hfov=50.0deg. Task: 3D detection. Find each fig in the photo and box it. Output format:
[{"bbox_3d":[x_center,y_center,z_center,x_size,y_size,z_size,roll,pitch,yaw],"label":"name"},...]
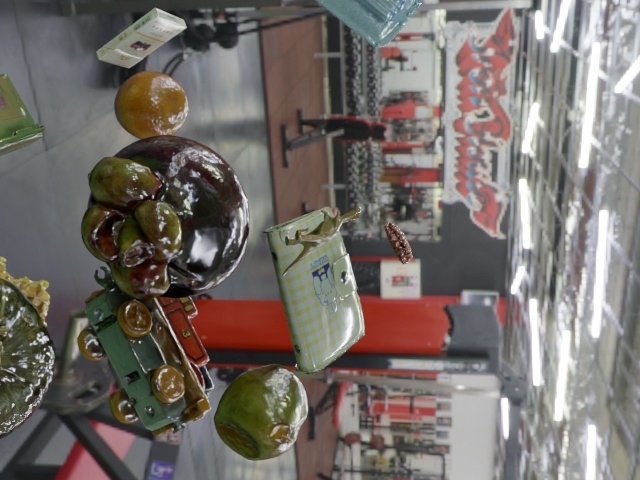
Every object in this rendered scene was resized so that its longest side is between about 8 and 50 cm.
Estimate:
[{"bbox_3d":[-0.091,0.276,1.082,0.166,0.154,0.144,-167,-122,-78],"label":"fig"}]

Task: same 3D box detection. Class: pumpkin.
[{"bbox_3d":[-0.439,0.151,0.848,0.224,0.157,0.223,12,74,-47],"label":"pumpkin"}]

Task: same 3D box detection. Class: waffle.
[{"bbox_3d":[-0.844,0.148,1.762,0.058,0.282,0.300,-110,178,-47],"label":"waffle"},{"bbox_3d":[0.136,0.003,1.207,0.075,0.029,0.083,63,1,-11],"label":"waffle"}]

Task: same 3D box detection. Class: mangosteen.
[{"bbox_3d":[-0.288,-0.035,1.246,0.347,0.307,0.306,-34,125,-68],"label":"mangosteen"}]

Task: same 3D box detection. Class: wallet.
[{"bbox_3d":[-0.006,0.097,1.446,0.223,0.077,0.309,-26,108,-47],"label":"wallet"}]

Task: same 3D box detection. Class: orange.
[{"bbox_3d":[-0.463,-0.365,1.870,0.206,0.206,0.206,1,90,-82],"label":"orange"}]

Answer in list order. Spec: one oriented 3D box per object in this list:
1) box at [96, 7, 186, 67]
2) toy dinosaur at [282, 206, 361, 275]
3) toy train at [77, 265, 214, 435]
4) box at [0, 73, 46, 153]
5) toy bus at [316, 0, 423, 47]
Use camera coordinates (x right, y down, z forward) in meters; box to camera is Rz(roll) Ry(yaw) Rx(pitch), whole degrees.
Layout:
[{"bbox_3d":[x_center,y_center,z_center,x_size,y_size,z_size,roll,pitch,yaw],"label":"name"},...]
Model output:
[{"bbox_3d":[-0.360,-0.403,1.378,0.090,0.167,0.024,-4,70,-64],"label":"box"},{"bbox_3d":[0.000,0.000,1.219,0.162,0.126,0.039,106,-35,-51],"label":"toy dinosaur"},{"bbox_3d":[-0.346,0.210,1.415,0.232,0.163,0.369,-25,86,-58],"label":"toy train"},{"bbox_3d":[-0.768,-0.242,1.456,0.328,0.253,0.177,-108,176,-76],"label":"box"},{"bbox_3d":[0.022,-0.477,1.133,0.152,0.312,0.190,-50,-165,19],"label":"toy bus"}]
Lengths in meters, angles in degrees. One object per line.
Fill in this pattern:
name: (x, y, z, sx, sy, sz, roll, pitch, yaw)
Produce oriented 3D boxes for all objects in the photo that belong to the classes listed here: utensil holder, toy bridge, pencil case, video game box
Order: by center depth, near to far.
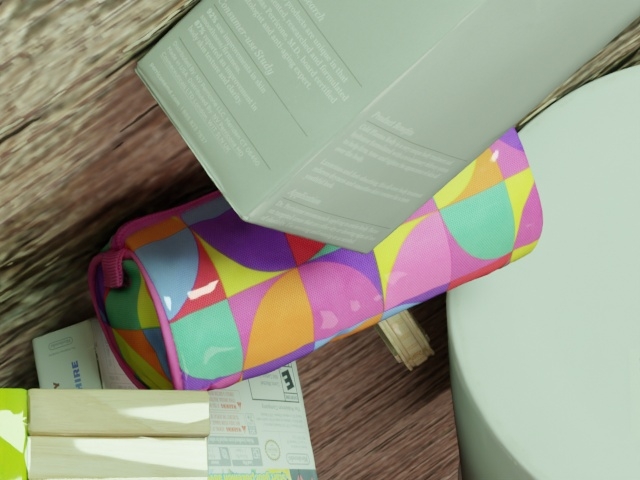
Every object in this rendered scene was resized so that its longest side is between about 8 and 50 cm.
pencil case: (0.000, 0.000, 0.974, 0.236, 0.104, 0.104, -25, 156, -25)
video game box: (-0.066, 0.143, 1.046, 0.048, 0.187, 0.205, -21, 164, 27)
toy bridge: (0.042, 0.045, 1.153, 0.026, 0.063, 0.188, -34, 158, 0)
utensil holder: (0.242, 0.104, 1.219, 0.328, 0.327, 0.385, -31, 154, -8)

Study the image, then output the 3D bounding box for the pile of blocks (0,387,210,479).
pile of blocks: (-0.203, 0.117, 0.817, 0.362, 0.112, 0.149, 11, 160, -39)

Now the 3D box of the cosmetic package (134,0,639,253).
cosmetic package: (0.053, -0.108, 0.826, 0.238, 0.107, 0.127, -43, 156, 14)
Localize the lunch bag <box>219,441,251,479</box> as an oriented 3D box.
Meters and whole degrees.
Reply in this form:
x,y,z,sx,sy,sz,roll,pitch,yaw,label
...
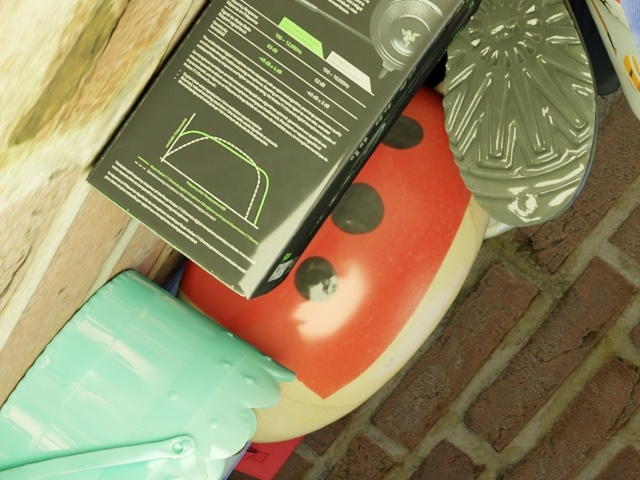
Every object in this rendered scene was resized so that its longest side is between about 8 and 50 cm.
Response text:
x,y,z,sx,sy,sz,roll,pitch,yaw,label
-0.220,0.272,1.571,0.303,0.115,0.243,-55,147,-9,lunch bag

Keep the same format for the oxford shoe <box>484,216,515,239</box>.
x,y,z,sx,sy,sz,roll,pitch,yaw,label
0.126,-0.078,1.537,0.449,0.169,0.130,-18,146,-2,oxford shoe

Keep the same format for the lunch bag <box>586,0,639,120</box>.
x,y,z,sx,sy,sz,roll,pitch,yaw,label
0.335,-0.290,1.168,0.239,0.328,0.385,-13,-144,29,lunch bag

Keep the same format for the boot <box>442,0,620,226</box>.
x,y,z,sx,sy,sz,roll,pitch,yaw,label
0.253,-0.200,1.400,0.445,0.146,0.367,-3,86,-70,boot

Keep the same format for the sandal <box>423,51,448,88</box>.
x,y,z,sx,sy,sz,roll,pitch,yaw,label
0.187,-0.232,1.659,0.445,0.167,0.107,-27,146,-2,sandal

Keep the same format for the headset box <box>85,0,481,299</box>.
x,y,z,sx,sy,sz,roll,pitch,yaw,label
-0.005,-0.116,0.884,0.283,0.131,0.246,-55,178,3,headset box

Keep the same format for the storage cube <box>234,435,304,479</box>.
x,y,z,sx,sy,sz,roll,pitch,yaw,label
-0.115,0.211,1.920,0.193,0.183,0.215,-55,-153,22,storage cube

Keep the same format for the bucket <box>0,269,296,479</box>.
x,y,z,sx,sy,sz,roll,pitch,yaw,label
-0.171,0.175,1.146,0.281,0.183,0.281,-54,177,-5,bucket

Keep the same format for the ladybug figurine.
x,y,z,sx,sy,sz,roll,pitch,yaw,label
0.000,0.000,1.338,0.449,0.305,0.162,-54,138,-5,ladybug figurine
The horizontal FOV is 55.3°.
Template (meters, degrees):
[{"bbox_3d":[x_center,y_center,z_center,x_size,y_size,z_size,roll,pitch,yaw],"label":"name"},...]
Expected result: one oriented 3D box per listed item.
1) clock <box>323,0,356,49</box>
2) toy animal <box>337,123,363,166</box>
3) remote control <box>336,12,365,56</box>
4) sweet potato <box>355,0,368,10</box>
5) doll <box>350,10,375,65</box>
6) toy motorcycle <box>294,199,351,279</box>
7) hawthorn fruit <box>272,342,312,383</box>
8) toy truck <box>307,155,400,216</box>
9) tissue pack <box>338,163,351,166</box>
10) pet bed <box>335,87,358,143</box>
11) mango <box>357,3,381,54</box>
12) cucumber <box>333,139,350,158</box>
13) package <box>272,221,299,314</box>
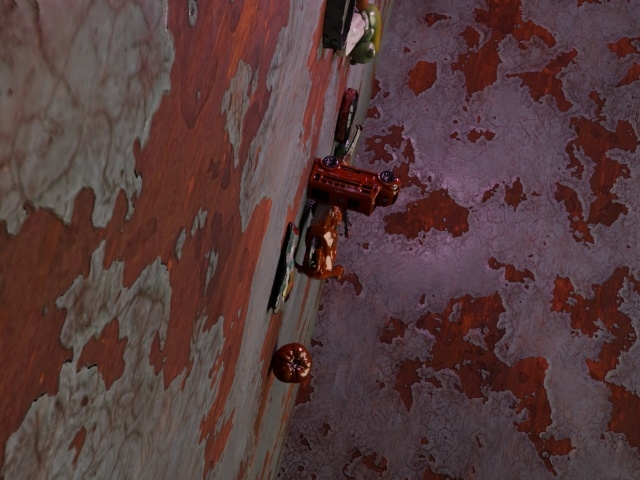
####################
__Required action__:
Write out the material above again, word for word, minus its pictures.

__Response area__:
hfov=50.0deg. Task: 3D detection. Find each fig in the photo and box it. Output format:
[{"bbox_3d":[x_center,y_center,z_center,x_size,y_size,z_size,roll,pitch,yaw],"label":"name"},...]
Every object in this rendered scene was resized so that its longest side is between about 8 and 50 cm.
Estimate:
[{"bbox_3d":[-0.091,0.276,1.082,0.166,0.154,0.144,-167,-122,-78],"label":"fig"}]

Task: same 3D box detection. Class: pumpkin.
[{"bbox_3d":[-0.439,0.151,0.848,0.224,0.157,0.223,12,74,-47],"label":"pumpkin"}]

Task: same 3D box detection. Class: waffle.
[{"bbox_3d":[-0.844,0.148,1.762,0.058,0.282,0.300,-110,178,-47],"label":"waffle"},{"bbox_3d":[0.136,0.003,1.207,0.075,0.029,0.083,63,1,-11],"label":"waffle"}]

Task: same 3D box detection. Class: mangosteen.
[{"bbox_3d":[-0.288,-0.035,1.246,0.347,0.307,0.306,-34,125,-68],"label":"mangosteen"}]

Task: same 3D box detection. Class: wallet.
[{"bbox_3d":[-0.006,0.097,1.446,0.223,0.077,0.309,-26,108,-47],"label":"wallet"}]

Task: same 3D box detection. Class: orange.
[{"bbox_3d":[-0.463,-0.365,1.870,0.206,0.206,0.206,1,90,-82],"label":"orange"}]

Answer in list order. Spec: one oriented 3D box per object in this list:
1) box at [96, 7, 186, 67]
2) toy dinosaur at [282, 206, 361, 275]
3) toy train at [77, 265, 214, 435]
4) box at [0, 73, 46, 153]
5) toy bus at [316, 0, 423, 47]
Use camera coordinates (x right, y down, z forward) in meters; box to camera is Rz(roll) Ry(yaw) Rx(pitch), whole degrees.
Layout:
[{"bbox_3d":[x_center,y_center,z_center,x_size,y_size,z_size,roll,pitch,yaw],"label":"name"},...]
Model output:
[{"bbox_3d":[-0.360,-0.403,1.378,0.090,0.167,0.024,-4,70,-64],"label":"box"},{"bbox_3d":[0.000,0.000,1.219,0.162,0.126,0.039,106,-35,-51],"label":"toy dinosaur"},{"bbox_3d":[-0.346,0.210,1.415,0.232,0.163,0.369,-25,86,-58],"label":"toy train"},{"bbox_3d":[-0.768,-0.242,1.456,0.328,0.253,0.177,-108,176,-76],"label":"box"},{"bbox_3d":[0.022,-0.477,1.133,0.152,0.312,0.190,-50,-165,19],"label":"toy bus"}]
Lengths in meters, angles in degrees. One object per line.
Fill in this pattern:
name: (x, y, z, sx, sy, sz, roll, pitch, yaw)
Produce oriented 3D boxes for all objects in the photo that belong to the classes listed here: utensil holder, toy bridge, pencil case, video game box
Order: by center depth, near to far.
Every object in this rendered scene was resized so that its longest side is between about 8 and 50 cm.
pencil case: (0.000, 0.000, 0.974, 0.236, 0.104, 0.104, -25, 156, -25)
video game box: (-0.066, 0.143, 1.046, 0.048, 0.187, 0.205, -21, 164, 27)
toy bridge: (0.042, 0.045, 1.153, 0.026, 0.063, 0.188, -34, 158, 0)
utensil holder: (0.242, 0.104, 1.219, 0.328, 0.327, 0.385, -31, 154, -8)

Study the image, then output the 3D bounding box for the pile of blocks (0,387,210,479).
pile of blocks: (-0.203, 0.117, 0.817, 0.362, 0.112, 0.149, 11, 160, -39)

Now the 3D box of the cosmetic package (134,0,639,253).
cosmetic package: (0.053, -0.108, 0.826, 0.238, 0.107, 0.127, -43, 156, 14)
Localize the lunch bag <box>219,441,251,479</box> as an oriented 3D box.
Meters and whole degrees.
Reply in this form:
x,y,z,sx,sy,sz,roll,pitch,yaw,label
...
Every object in this rendered scene was resized so that its longest side is between about 8 and 50 cm.
Response text:
x,y,z,sx,sy,sz,roll,pitch,yaw,label
-0.220,0.272,1.571,0.303,0.115,0.243,-55,147,-9,lunch bag

Keep the same format for the oxford shoe <box>484,216,515,239</box>.
x,y,z,sx,sy,sz,roll,pitch,yaw,label
0.126,-0.078,1.537,0.449,0.169,0.130,-18,146,-2,oxford shoe

Keep the same format for the lunch bag <box>586,0,639,120</box>.
x,y,z,sx,sy,sz,roll,pitch,yaw,label
0.335,-0.290,1.168,0.239,0.328,0.385,-13,-144,29,lunch bag

Keep the same format for the boot <box>442,0,620,226</box>.
x,y,z,sx,sy,sz,roll,pitch,yaw,label
0.253,-0.200,1.400,0.445,0.146,0.367,-3,86,-70,boot

Keep the same format for the sandal <box>423,51,448,88</box>.
x,y,z,sx,sy,sz,roll,pitch,yaw,label
0.187,-0.232,1.659,0.445,0.167,0.107,-27,146,-2,sandal

Keep the same format for the headset box <box>85,0,481,299</box>.
x,y,z,sx,sy,sz,roll,pitch,yaw,label
-0.005,-0.116,0.884,0.283,0.131,0.246,-55,178,3,headset box

Keep the same format for the storage cube <box>234,435,304,479</box>.
x,y,z,sx,sy,sz,roll,pitch,yaw,label
-0.115,0.211,1.920,0.193,0.183,0.215,-55,-153,22,storage cube

Keep the same format for the bucket <box>0,269,296,479</box>.
x,y,z,sx,sy,sz,roll,pitch,yaw,label
-0.171,0.175,1.146,0.281,0.183,0.281,-54,177,-5,bucket

Keep the same format for the ladybug figurine.
x,y,z,sx,sy,sz,roll,pitch,yaw,label
0.000,0.000,1.338,0.449,0.305,0.162,-54,138,-5,ladybug figurine
The horizontal FOV is 55.3°.
Template (meters, degrees):
[{"bbox_3d":[x_center,y_center,z_center,x_size,y_size,z_size,roll,pitch,yaw],"label":"name"},...]
Expected result: one oriented 3D box per listed item.
1) clock <box>323,0,356,49</box>
2) toy animal <box>337,123,363,166</box>
3) remote control <box>336,12,365,56</box>
4) sweet potato <box>355,0,368,10</box>
5) doll <box>350,10,375,65</box>
6) toy motorcycle <box>294,199,351,279</box>
7) hawthorn fruit <box>272,342,312,383</box>
8) toy truck <box>307,155,400,216</box>
9) tissue pack <box>338,163,351,166</box>
10) pet bed <box>335,87,358,143</box>
11) mango <box>357,3,381,54</box>
12) cucumber <box>333,139,350,158</box>
13) package <box>272,221,299,314</box>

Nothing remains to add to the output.